Congresso Aprova Nova Resolução Sobre Emendas Parlamentares, Mas Brechas Preocupam Entidades
O Congresso Nacional aprovou nesta quinta-feira (13) um conjunto de regras que visa alinhar as indicações de emendas parlamentares ao Orçamento às exigências do Supremo Tribunal Federal (STF). A resolução busca atender a um plano de trabalho previamente aprovado pela Corte, mas entidades de transparência alertam para a manutenção de brechas que dificultam a rastreabilidade das indicações.
Transparência em Debate
As emendas parlamentares representam uma parcela significativa do Orçamento da União, permitindo que deputados e senadores destinem recursos para seus redutos eleitorais.
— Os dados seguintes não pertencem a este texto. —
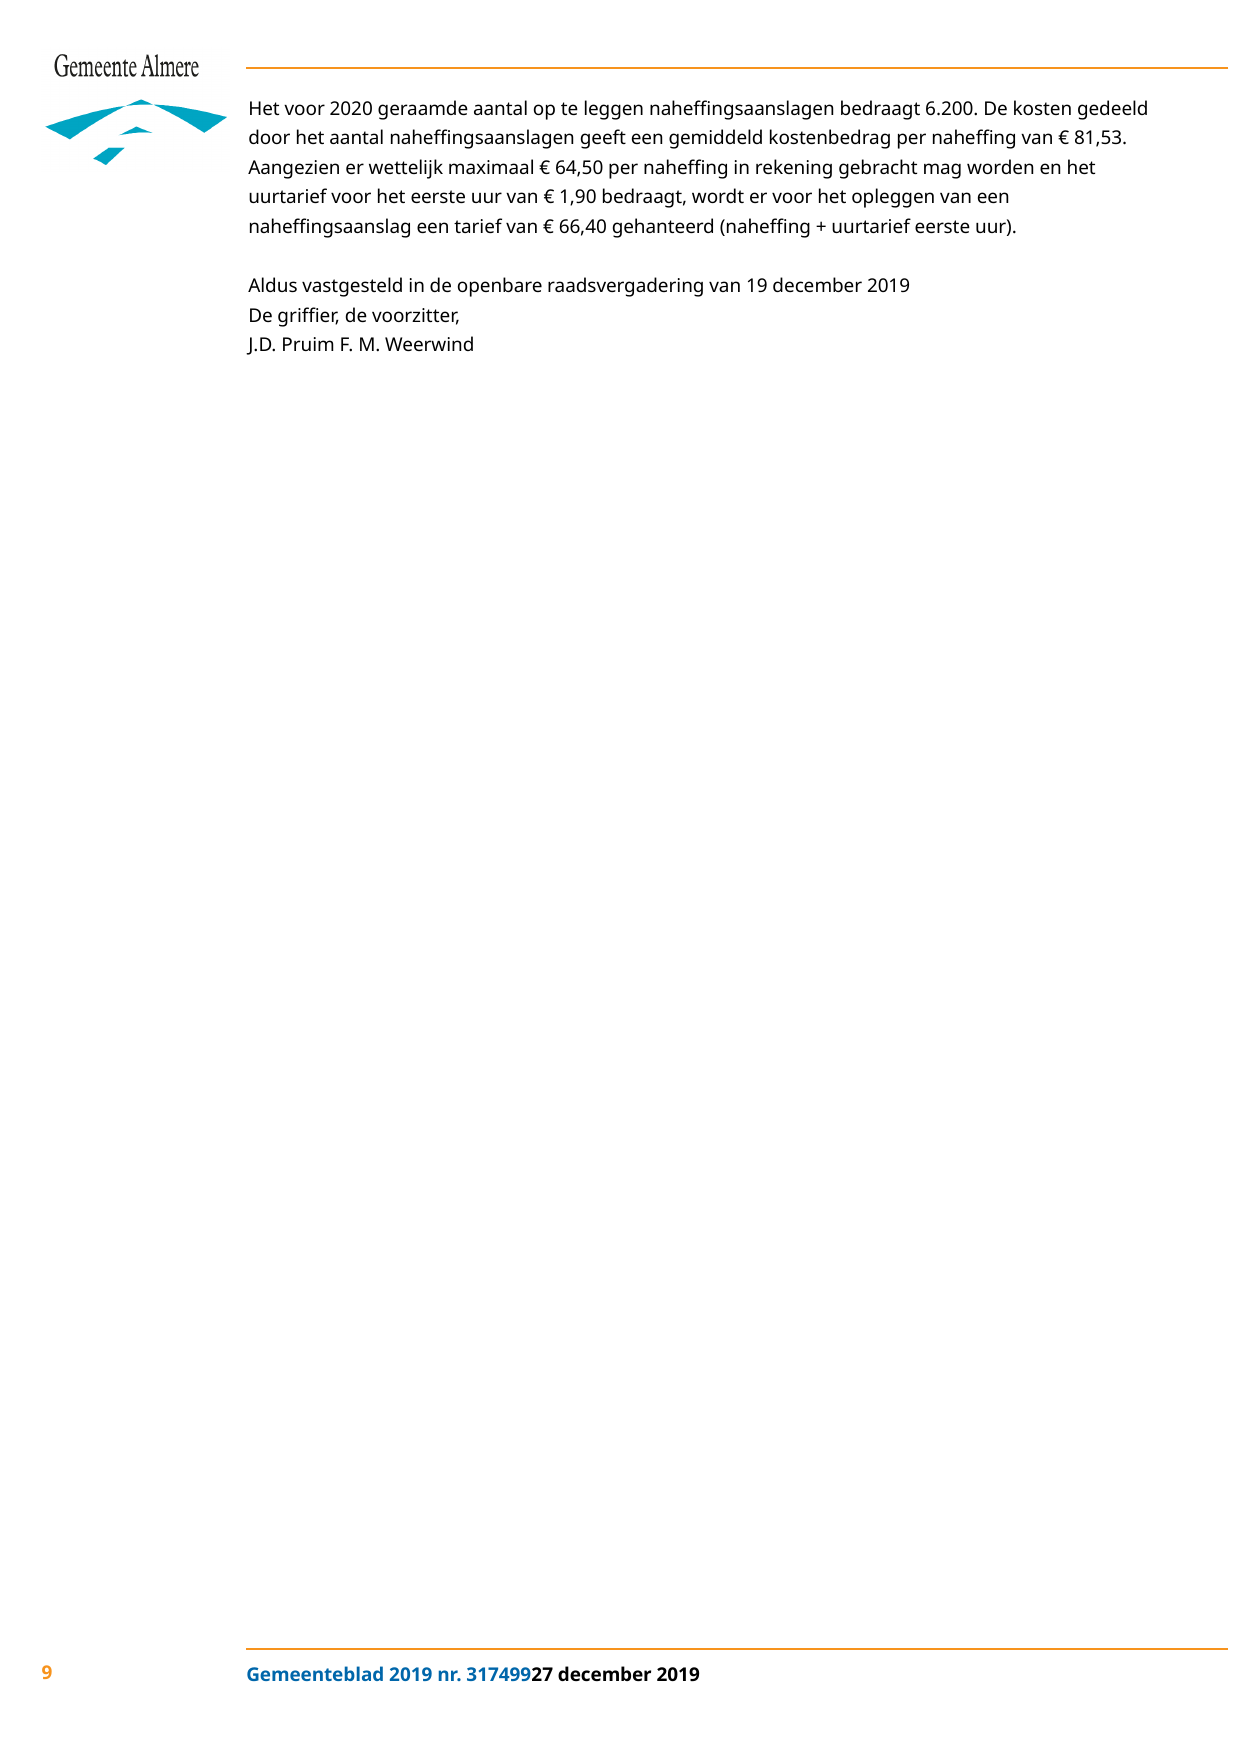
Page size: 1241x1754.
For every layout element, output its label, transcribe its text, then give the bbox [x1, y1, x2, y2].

text Het voor 2020 geraamde aantal op te leggen naheffingsaanslagen bedraagt 6.200. De kosten gedeeld door het aantal naheffingsaanslagen geeft een gemiddeld kostenbedrag per naheffing van € 81,53. Aangezien er wettelijk maximaal € 64,50 per naheffing in rekening gebracht mag worden en het uurtarief voor het eerste uur van € 1,90 bedraagt, wordt er voor het opleggen van een naheffingsaanslag een tarief van € 66,40 gehanteerd (naheffing + uurtarief eerste uur). [248, 95, 1152, 239]
text Aldus vastgesteld in de openbare raadsvergadering van 19 december 2019 [248, 272, 1152, 298]
picture [41, 47, 231, 172]
text J.D. Pruim F. M. Weerwind [248, 332, 1152, 357]
text De griffier, de voorzitter, [248, 302, 1152, 328]
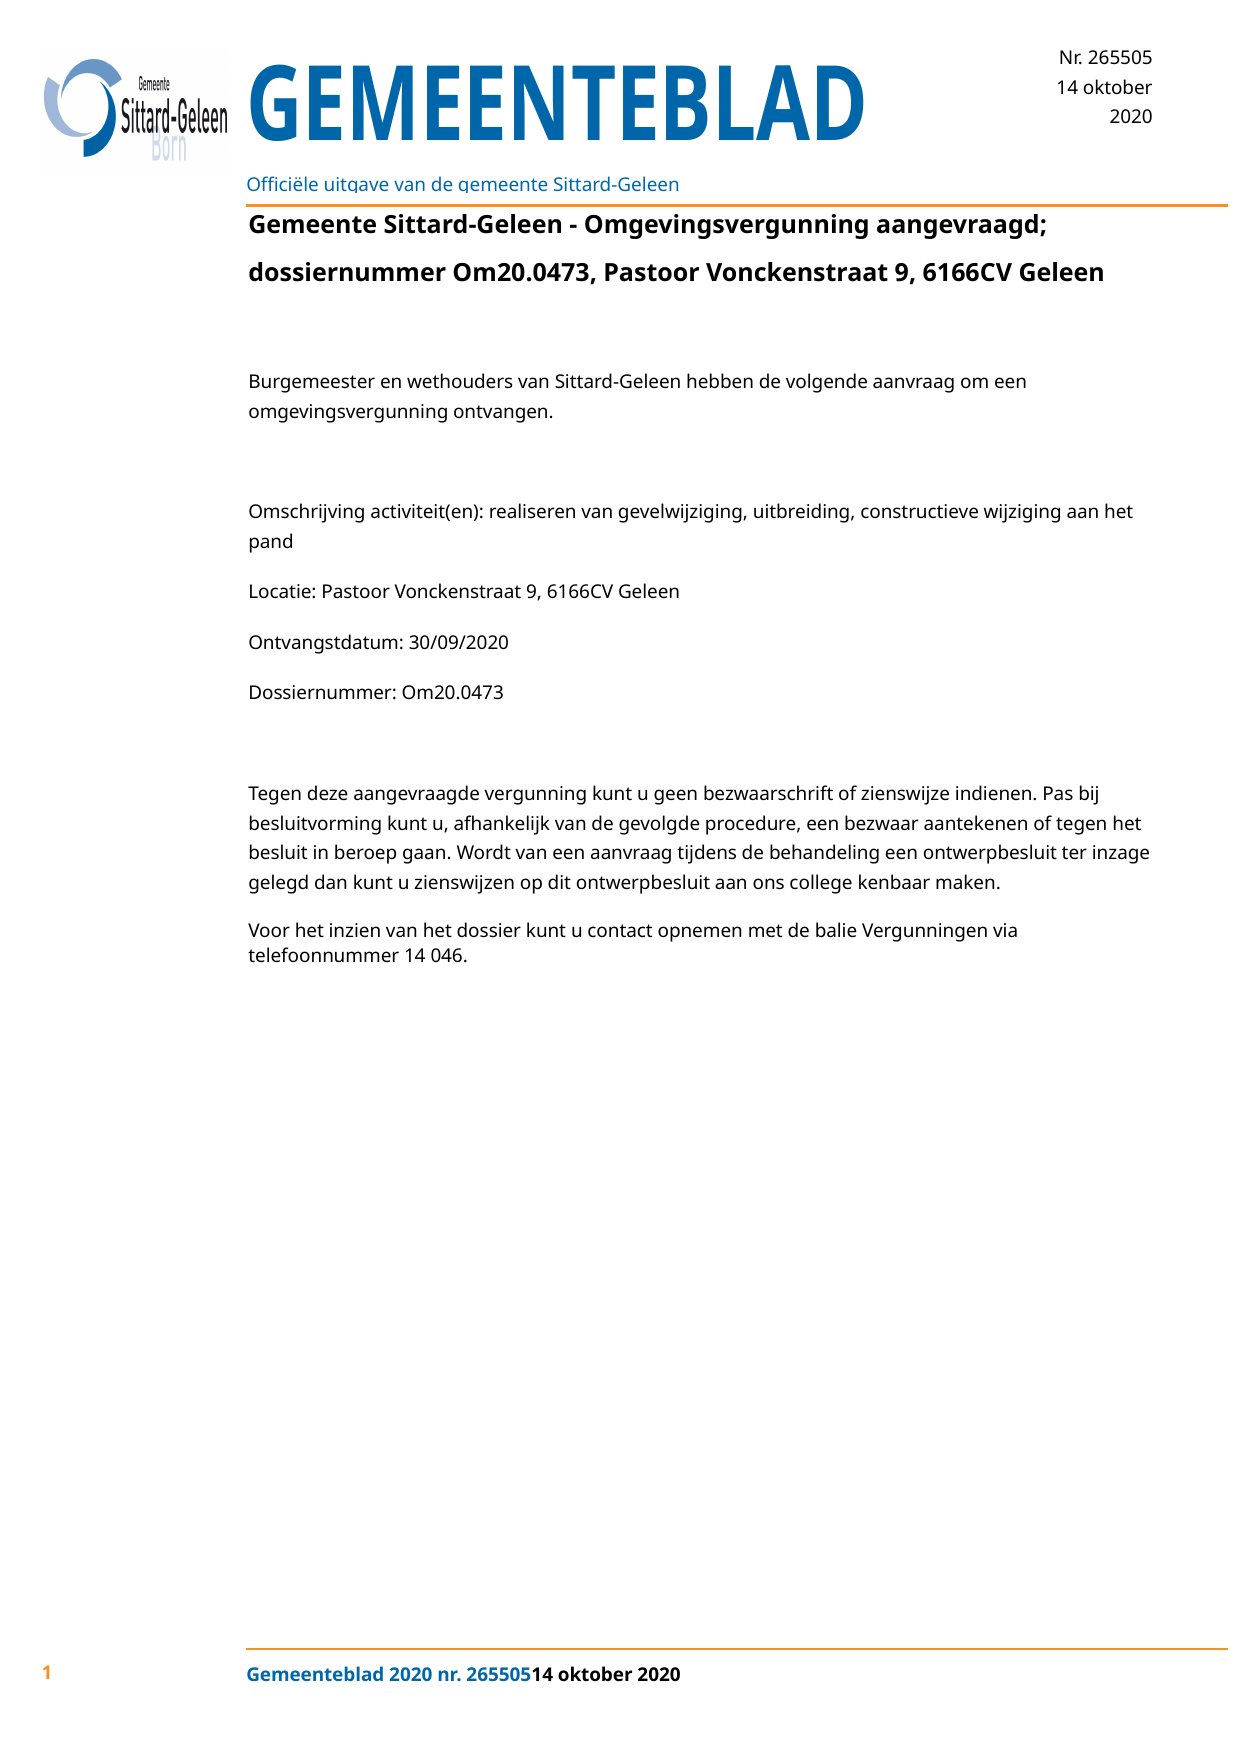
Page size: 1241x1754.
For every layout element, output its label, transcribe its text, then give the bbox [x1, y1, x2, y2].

text Burgemeester en wethouders van Sittard-Geleen hebben de volgende aanvraag om een omgevingsvergunning ontvangen. [248, 368, 1152, 424]
text Omschrijving activiteit(en): realiseren van gevelwijziging, uitbreiding, constructieve wijziging aan het pand [248, 499, 1152, 554]
text Ontvangstdatum: 30/09/2020 [248, 629, 1152, 655]
text Locatie: Pastoor Vonckenstraat 9, 6166CV Geleen [248, 579, 1152, 604]
text Tegen deze aangevraagde vergunning kunt u geen bezwaarschrift of zienswijze indienen. Pas bij besluitvorming kunt u, afhankelijk van de gevolgde procedure, een bezwaar aantekenen of tegen het besluit in beroep gaan. Wordt van een aanvraag tijdens de behandeling een ontwerpbesluit ter inzage gelegd dan kunt u zienswijzen op dit ontwerpbesluit aan ons college kenbaar maken. [248, 780, 1152, 895]
text Gemeente Sittard-Geleen - Omgevingsvergunning aangevraagd; dossiernummer Om20.0473, Pastoor Vonckenstraat 9, 6166CV Geleen [248, 207, 1152, 288]
text Voor het inzien van het dossier kunt u contact opnemen met de balie Vergunningen via telefoonnummer 14 046. [248, 917, 1152, 968]
text Dossiernummer: Om20.0473 [248, 679, 1152, 705]
picture [41, 47, 231, 172]

No entanto, o STF vinha suspendendo as emendas devido à dificuldade de identificar os parlamentares responsáveis pelos repasses e a destinação final das verbas. O novo texto tenta preencher essas lacunas, mas esbarra em pontos críticos que ainda permitem ocultar os chamados padrinhos das indicações.
Principais Ajustes e Brechas Persistentes
Entre as mudanças, o texto aprovado prevê a criação de atas detalhando as análises e aprovações realizadas por comissões e bancadas estaduais. Contudo, as atas permitem que informações cruciais, como o nome do parlamentar solicitante, fiquem ocultas ou sejam substituídas pelo nome do líder partidário. Essa prática continua a dificultar a identificação direta do responsável pelas emendas.
Além disso, a resolução estabelece novos critérios para as emendas de bancada e individuais. No caso das emendas de bancada, cada estado poderá apresentar até 11 emendas, sendo 3 obrigatoriamente destinadas a obras já iniciadas. No entanto, o documento final a ser enviado ao governo federal não exige que o nome do solicitante seja explicitado, gerando mais críticas sobre a falta de clareza no processo.
Regras para Emendas Individuais
As emendas individuais, indicadas diretamente por deputados e senadores, agora terão de detalhar o local onde os recursos serão aplicados. Esse tipo de emenda, conhecido como “emenda PIX”, também prioriza o financiamento de obras inacabadas. Apesar disso, o histórico de alterações nesse mecanismo levanta dúvidas sobre sua real eficácia no cumprimento das exigências do STF.
Reação de Entidades e do STF
Entidades como a Transparência Internacional e a Transparência Brasil criticaram duramente o texto aprovado. Para elas, a proposta ignora pontos essenciais estabelecidos pela Constituição, como a obrigatoriedade de identificar os responsáveis pelas emendas. O ministro Flávio Dino, relator do caso no STF, compartilha dessa visão, avaliando que as mudanças ainda não atendem completamente às demandas por maior transparência.
Próximos Passos
A resolução também inclui mudanças no funcionamento da Comissão Mista de Orçamento (CMO), que agora terá maior poder sobre a análise das emendas e poderá criar normas complementares para o processo. As emendas aprovadas para o Orçamento de 2024 precisarão ser ratificadas, seguindo os novos formatos de atas. Caso os critérios não sejam cumpridos, as emendas serão consideradas inválidas para execução.
Com um montante estimado de R$ 52 bilhões em 2024, o debate em torno das emendas continua a destacar o desafio de equilibrar transparência, rastreabilidade e execução orçamentária eficiente. Apesar dos avanços, a permanência de brechas reforça a necessidade de um monitoramento mais rigoroso para garantir o bom uso dos recursos públicos.